Consciousness is a fascinating but elusive phenomenon; it is impossible to specify what it is, what it does, or why it evolved. Nothing worth reading has been written about it.

It would be harsh to insist that Sutherland’s statement remains true and that Cobb’s final chapter is therefore not worth reading, but I think Cobb himself would acknowledge that consciousness is a murky area, in which no one knows the right questions to ask, much less the answers. If we set aside the problem of consciousness, I can imagine a theory of the brain that would explain animals’ strategies for escaping danger, finding food, and ensuring the future of their genes. But consciousness—that enduring sense of an “I”—brings us back to explaining sonnets and symphonies.

Part 3 consists of a single chapter on the future. Cobb’s outlook is optimistic, though veiled in vagueness.
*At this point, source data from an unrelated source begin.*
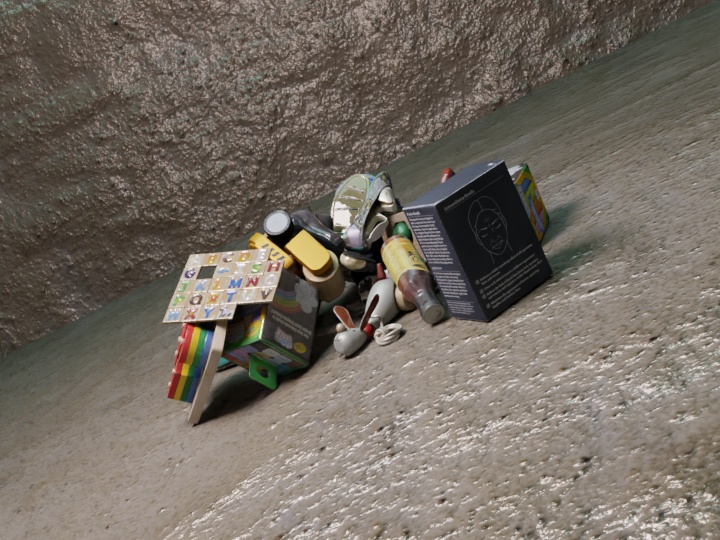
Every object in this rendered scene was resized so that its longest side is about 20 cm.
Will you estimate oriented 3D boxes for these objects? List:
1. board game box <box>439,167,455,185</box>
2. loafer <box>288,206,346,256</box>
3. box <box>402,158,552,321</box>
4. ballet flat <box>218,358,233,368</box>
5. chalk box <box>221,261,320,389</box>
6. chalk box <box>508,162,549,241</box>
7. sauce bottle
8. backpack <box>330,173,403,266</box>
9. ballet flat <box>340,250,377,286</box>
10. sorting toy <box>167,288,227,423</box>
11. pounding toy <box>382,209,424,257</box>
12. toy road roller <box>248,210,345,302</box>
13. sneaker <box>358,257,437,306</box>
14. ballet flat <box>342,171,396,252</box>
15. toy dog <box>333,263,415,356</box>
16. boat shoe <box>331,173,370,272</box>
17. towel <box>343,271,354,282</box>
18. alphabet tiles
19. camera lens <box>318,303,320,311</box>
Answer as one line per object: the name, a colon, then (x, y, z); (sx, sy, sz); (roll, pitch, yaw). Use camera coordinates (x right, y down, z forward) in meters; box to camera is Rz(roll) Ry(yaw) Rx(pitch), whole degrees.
board game box: (0.169, -0.085, 1.566); (0.019, 0.103, 0.202); (-15, 41, 37)
loafer: (-0.083, -0.084, 1.657); (0.072, 0.073, 0.199); (-42, 38, -15)
box: (0.183, -0.046, 1.317); (0.147, 0.202, 0.107); (-31, 13, -22)
ballet flat: (-0.239, 0.155, 1.726); (0.198, 0.068, 0.063); (-17, 8, 39)
chalk box: (-0.166, 0.113, 1.509); (0.123, 0.124, 0.203); (-19, 50, 40)
chalk box: (0.256, -0.093, 1.539); (0.123, 0.125, 0.200); (-19, 16, 29)
sauce bottle: (0.092, 0.016, 1.445); (0.065, 0.067, 0.201); (-27, 41, -1)
backpack: (0.020, -0.110, 1.836); (0.161, 0.199, 0.156); (-19, 51, 37)
ballet flat: (0.000, 0.000, 1.630); (0.200, 0.066, 0.058); (35, -104, -76)
sorting toy: (-0.290, 0.130, 1.512); (0.202, 0.068, 0.200); (-90, 19, -50)
pounding toy: (0.129, -0.060, 1.704); (0.198, 0.145, 0.183); (-21, 6, -30)
toy road roller: (-0.139, 0.001, 1.604); (0.199, 0.123, 0.146); (37, 73, 27)
sneaker: (0.080, 0.011, 1.601); (0.198, 0.082, 0.083); (-16, 11, 45)
ballet flat: (0.034, -0.113, 1.663); (0.071, 0.072, 0.202); (-12, 41, 50)
toy dog: (0.018, 0.059, 1.485); (0.130, 0.097, 0.200); (-21, 14, 26)
boat shoe: (-0.022, -0.095, 1.719); (0.074, 0.203, 0.068); (12, -14, 21)
towel: (-0.066, -0.025, 1.779); (0.198, 0.132, 0.035); (10, -63, -48)
alphabet tiles: (-0.233, 0.024, 1.470); (0.196, 0.008, 0.169); (-5, 43, 16)
camera lens: (-0.191, 0.061, 1.771); (0.198, 0.162, 0.159); (-13, 18, 47)

He goes on record maintaining that “the mystery of consciousness will eventually be solved, in ways I cannot begin to guess.” Of course, “eventually” covers a lot of territory. For perspective, it’s worth noting that Cobb also predicts it will take 50 years to understand the brain of a maggot (an organism whose nervous system Cobb himself has studied).

The Idea of the Brain is a thorough, thoughtful, and enjoyable account of neuroscience for the general reader. Cobb is especially sure-footed in guiding us through the history of the field, which gets only brief and nodding attention in some other recent books. My one serious complaint is that Cobb shies away from the more mathematical and computational aspects of the subject. For example, the concepts of sparse coding, low-dimensional manifolds, and Bayesian statistics are all mentioned but not adequately explained. In some instances, Cobb concedes that he does not fully understand the concepts. Yet some of them are indispensable elements of promising, current theories of brain function—elements with which readers who work through the rest of this ambitious book deserve a chance to get better acquainted.